Instructions to follow: When the line with "78.7h10.1v7.6h-10.1zM115.6 80h1.3M124 79.3a.63" is found, repeat it and all lines that follow it exactly, stopping at the end of the listing.
=== Section Start ===
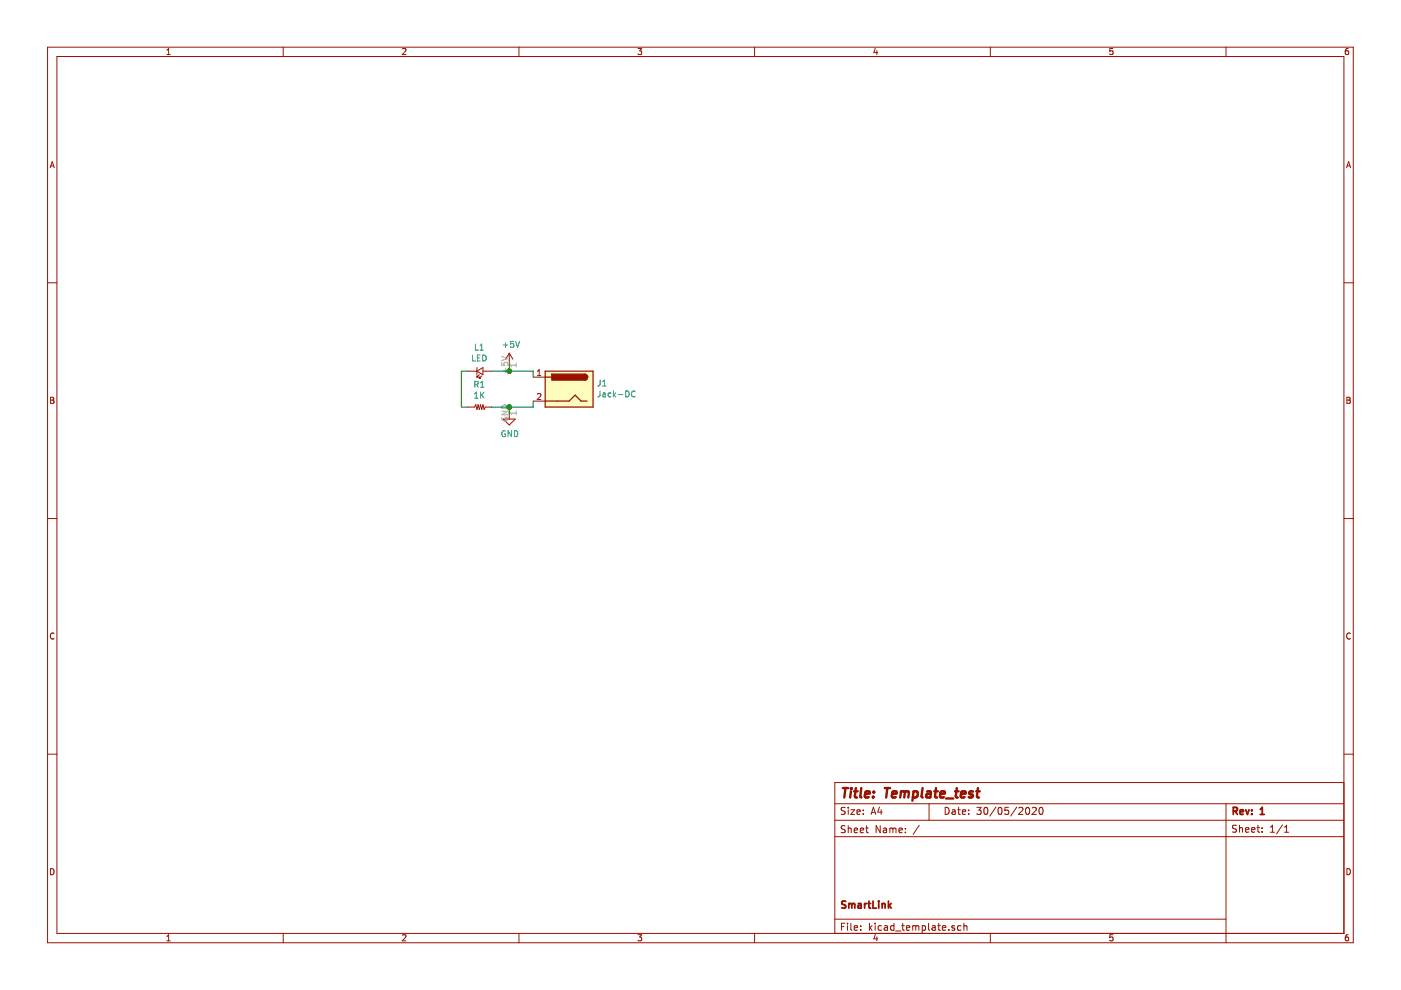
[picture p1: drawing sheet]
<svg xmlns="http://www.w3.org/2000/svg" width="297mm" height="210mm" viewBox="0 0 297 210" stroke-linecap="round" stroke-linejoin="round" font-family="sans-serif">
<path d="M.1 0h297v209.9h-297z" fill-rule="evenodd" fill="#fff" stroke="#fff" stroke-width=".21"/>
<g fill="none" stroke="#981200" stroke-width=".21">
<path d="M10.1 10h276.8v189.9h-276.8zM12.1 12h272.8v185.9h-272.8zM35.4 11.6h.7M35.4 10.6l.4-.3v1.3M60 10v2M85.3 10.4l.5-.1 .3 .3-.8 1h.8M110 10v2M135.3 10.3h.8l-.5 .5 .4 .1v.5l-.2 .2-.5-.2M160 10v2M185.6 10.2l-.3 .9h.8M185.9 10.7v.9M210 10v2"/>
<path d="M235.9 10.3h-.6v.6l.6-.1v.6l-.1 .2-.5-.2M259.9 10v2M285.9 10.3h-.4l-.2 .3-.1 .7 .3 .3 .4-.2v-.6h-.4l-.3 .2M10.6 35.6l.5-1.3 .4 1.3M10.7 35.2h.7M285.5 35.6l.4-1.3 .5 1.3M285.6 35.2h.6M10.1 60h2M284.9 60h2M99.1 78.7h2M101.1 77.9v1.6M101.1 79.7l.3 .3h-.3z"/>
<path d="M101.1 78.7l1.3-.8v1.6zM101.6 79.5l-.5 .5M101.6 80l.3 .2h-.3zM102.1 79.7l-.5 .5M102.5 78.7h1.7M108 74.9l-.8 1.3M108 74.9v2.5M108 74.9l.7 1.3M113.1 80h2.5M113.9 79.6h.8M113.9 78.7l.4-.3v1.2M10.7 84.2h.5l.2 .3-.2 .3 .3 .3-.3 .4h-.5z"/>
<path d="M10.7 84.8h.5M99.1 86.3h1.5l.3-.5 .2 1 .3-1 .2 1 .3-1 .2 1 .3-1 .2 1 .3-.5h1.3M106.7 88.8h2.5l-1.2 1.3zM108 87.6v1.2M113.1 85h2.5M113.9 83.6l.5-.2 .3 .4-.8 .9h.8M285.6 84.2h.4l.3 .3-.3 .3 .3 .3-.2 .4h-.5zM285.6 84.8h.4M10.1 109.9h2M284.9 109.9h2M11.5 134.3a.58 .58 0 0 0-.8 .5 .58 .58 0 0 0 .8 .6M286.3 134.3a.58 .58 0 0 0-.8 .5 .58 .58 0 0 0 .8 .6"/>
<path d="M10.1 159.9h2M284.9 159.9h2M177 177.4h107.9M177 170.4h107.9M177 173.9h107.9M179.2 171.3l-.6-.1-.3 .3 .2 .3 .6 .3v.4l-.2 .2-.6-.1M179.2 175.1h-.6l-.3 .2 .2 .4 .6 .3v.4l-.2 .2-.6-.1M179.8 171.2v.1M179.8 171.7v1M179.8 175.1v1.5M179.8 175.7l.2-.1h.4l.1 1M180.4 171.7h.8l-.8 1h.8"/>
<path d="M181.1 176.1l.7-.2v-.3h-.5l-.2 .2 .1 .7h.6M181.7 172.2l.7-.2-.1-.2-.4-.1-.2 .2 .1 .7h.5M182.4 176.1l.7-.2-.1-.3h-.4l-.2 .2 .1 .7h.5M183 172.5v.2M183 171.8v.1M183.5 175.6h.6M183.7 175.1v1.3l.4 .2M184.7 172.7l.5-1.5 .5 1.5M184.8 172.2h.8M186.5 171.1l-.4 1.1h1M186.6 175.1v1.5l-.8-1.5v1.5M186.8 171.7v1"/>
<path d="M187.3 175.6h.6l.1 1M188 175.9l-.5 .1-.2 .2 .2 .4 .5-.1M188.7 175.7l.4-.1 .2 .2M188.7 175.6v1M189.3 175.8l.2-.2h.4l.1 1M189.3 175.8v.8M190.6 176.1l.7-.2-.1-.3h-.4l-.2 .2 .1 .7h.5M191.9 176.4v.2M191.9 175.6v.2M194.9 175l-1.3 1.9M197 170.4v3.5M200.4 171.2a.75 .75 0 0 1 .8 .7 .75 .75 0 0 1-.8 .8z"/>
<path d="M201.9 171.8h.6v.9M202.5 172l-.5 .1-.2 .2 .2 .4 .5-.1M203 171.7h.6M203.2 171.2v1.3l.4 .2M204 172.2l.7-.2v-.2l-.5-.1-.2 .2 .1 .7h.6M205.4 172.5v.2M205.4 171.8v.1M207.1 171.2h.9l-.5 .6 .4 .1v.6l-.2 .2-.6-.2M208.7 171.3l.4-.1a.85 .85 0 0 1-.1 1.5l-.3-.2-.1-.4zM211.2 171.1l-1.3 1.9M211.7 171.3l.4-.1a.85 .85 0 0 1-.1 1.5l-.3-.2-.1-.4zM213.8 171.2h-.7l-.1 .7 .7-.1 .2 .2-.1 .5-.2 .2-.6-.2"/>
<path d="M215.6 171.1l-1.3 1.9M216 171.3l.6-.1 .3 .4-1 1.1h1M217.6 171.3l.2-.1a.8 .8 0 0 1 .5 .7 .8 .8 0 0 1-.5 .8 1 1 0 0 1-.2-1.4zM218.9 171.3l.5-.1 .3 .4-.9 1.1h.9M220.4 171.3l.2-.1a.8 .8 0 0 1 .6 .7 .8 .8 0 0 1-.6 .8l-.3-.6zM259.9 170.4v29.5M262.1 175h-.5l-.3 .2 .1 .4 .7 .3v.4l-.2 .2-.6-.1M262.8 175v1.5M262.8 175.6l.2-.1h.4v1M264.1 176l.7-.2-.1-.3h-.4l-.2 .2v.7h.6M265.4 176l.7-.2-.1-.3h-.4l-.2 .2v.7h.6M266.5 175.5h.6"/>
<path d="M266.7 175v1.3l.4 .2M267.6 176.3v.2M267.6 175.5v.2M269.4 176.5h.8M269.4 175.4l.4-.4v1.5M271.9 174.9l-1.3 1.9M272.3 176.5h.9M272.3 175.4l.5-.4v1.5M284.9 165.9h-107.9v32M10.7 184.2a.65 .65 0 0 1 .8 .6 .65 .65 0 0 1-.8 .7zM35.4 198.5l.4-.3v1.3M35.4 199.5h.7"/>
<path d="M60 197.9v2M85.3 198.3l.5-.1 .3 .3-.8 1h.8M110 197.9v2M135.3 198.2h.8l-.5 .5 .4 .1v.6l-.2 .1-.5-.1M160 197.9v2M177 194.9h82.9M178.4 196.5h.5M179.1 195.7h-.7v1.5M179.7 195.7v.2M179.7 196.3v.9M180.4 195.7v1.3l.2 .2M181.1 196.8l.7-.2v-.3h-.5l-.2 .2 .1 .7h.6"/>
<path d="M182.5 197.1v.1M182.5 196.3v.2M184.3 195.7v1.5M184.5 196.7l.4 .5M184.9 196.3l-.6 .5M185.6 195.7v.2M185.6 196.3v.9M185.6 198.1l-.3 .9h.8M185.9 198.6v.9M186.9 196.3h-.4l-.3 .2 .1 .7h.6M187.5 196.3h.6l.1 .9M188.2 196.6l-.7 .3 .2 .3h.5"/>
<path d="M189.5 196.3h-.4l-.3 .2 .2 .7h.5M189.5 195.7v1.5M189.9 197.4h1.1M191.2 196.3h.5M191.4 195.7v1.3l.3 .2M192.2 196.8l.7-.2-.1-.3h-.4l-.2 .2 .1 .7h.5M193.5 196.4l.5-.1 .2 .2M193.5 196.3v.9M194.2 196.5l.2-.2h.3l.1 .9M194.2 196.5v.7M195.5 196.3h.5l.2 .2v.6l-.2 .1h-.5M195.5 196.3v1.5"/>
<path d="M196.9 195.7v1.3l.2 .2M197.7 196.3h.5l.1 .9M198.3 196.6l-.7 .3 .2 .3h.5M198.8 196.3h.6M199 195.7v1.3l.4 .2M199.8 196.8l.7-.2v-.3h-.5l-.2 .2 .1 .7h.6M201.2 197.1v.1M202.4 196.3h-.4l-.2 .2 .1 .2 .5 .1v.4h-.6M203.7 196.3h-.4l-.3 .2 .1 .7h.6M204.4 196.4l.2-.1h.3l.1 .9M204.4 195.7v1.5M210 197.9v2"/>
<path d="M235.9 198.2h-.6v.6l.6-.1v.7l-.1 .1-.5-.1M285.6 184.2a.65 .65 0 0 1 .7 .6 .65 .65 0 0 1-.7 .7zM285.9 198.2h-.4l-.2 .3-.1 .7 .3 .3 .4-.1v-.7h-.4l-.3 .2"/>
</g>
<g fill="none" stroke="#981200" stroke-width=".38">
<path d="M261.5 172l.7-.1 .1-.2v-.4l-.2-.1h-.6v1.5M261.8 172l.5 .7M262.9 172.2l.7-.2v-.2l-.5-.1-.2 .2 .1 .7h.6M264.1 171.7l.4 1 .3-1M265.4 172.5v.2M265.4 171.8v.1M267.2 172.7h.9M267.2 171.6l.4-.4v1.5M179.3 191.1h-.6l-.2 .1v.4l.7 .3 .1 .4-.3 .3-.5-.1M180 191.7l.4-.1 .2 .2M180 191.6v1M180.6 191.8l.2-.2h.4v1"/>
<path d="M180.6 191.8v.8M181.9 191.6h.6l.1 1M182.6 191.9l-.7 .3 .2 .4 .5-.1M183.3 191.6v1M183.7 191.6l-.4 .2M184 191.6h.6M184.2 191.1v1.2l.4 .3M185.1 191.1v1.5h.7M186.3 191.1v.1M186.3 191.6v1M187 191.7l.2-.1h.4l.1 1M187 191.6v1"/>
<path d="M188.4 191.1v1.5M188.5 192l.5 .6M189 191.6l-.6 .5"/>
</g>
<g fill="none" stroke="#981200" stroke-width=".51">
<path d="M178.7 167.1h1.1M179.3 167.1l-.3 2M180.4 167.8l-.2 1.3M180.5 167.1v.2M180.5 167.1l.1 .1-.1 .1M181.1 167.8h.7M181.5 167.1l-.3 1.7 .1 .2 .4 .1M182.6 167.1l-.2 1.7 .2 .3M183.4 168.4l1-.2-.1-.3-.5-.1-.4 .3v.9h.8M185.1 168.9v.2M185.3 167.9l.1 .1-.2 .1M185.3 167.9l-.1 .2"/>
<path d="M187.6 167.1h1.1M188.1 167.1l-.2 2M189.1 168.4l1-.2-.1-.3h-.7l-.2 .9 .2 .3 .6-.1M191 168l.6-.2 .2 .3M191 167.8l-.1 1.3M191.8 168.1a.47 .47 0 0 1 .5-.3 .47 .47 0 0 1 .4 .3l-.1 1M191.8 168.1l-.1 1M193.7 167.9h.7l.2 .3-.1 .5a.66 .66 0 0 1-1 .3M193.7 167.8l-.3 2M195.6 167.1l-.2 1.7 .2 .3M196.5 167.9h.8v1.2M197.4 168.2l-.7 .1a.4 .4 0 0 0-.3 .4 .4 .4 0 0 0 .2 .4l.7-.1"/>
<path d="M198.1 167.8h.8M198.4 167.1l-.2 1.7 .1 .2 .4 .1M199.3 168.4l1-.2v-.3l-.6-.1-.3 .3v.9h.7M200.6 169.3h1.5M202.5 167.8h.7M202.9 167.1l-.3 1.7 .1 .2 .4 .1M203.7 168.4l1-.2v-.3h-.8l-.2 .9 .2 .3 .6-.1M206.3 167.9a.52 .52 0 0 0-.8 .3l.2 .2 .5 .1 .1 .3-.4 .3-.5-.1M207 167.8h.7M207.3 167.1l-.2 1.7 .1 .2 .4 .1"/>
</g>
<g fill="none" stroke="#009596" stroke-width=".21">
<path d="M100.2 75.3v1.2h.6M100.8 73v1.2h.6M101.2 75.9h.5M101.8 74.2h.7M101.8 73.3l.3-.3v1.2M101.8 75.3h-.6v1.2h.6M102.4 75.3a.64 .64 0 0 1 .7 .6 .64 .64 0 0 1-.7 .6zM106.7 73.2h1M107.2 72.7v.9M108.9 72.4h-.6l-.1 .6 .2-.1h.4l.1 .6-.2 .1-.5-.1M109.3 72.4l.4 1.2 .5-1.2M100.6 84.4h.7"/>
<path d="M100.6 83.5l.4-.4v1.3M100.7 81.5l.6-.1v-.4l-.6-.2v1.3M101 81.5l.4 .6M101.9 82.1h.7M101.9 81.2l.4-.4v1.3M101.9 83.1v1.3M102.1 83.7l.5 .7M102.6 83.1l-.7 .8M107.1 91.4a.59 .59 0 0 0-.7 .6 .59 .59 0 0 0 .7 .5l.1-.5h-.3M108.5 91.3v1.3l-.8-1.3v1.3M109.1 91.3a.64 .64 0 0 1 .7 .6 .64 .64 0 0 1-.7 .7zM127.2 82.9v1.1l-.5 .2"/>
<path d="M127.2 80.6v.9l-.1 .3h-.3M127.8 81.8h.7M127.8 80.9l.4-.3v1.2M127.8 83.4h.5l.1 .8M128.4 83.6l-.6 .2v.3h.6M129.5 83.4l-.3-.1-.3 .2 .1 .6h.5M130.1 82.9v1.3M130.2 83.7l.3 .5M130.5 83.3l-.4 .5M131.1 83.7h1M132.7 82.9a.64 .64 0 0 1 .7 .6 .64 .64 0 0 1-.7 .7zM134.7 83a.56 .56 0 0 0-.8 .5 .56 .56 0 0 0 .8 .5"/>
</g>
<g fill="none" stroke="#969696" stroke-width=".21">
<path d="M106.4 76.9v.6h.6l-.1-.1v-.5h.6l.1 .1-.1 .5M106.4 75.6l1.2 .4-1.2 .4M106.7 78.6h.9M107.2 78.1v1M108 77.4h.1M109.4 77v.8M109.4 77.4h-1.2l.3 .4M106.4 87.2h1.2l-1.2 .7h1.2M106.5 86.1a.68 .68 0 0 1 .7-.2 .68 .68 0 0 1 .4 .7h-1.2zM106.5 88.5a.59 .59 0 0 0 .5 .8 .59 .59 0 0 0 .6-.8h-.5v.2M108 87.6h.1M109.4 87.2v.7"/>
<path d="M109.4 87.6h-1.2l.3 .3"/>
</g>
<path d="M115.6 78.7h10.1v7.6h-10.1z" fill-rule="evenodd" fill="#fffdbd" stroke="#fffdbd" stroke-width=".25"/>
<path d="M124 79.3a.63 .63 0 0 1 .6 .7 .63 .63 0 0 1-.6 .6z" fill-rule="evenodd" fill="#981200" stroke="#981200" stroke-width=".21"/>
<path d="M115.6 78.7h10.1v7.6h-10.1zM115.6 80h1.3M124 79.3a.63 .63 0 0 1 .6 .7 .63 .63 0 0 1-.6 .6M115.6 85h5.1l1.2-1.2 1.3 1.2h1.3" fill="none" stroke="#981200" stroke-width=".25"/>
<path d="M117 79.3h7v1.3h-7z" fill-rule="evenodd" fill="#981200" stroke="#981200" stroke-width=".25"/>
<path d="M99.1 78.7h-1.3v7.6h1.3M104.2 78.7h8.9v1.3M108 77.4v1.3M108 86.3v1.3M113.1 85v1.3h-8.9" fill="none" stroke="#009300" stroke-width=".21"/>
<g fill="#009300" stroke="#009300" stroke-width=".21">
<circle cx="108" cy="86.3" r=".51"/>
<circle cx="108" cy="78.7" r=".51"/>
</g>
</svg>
=== Section End ===
Output for this task:
<path d="M115.6 78.7h10.1v7.6h-10.1zM115.6 80h1.3M124 79.3a.63 .63 0 0 1 .6 .7 .63 .63 0 0 1-.6 .6M115.6 85h5.1l1.2-1.2 1.3 1.2h1.3" fill="none" stroke="#981200" stroke-width=".25"/>
<path d="M117 79.3h7v1.3h-7z" fill-rule="evenodd" fill="#981200" stroke="#981200" stroke-width=".25"/>
<path d="M99.1 78.7h-1.3v7.6h1.3M104.2 78.7h8.9v1.3M108 77.4v1.3M108 86.3v1.3M113.1 85v1.3h-8.9" fill="none" stroke="#009300" stroke-width=".21"/>
<g fill="#009300" stroke="#009300" stroke-width=".21">
<circle cx="108" cy="86.3" r=".51"/>
<circle cx="108" cy="78.7" r=".51"/>
</g>
</svg>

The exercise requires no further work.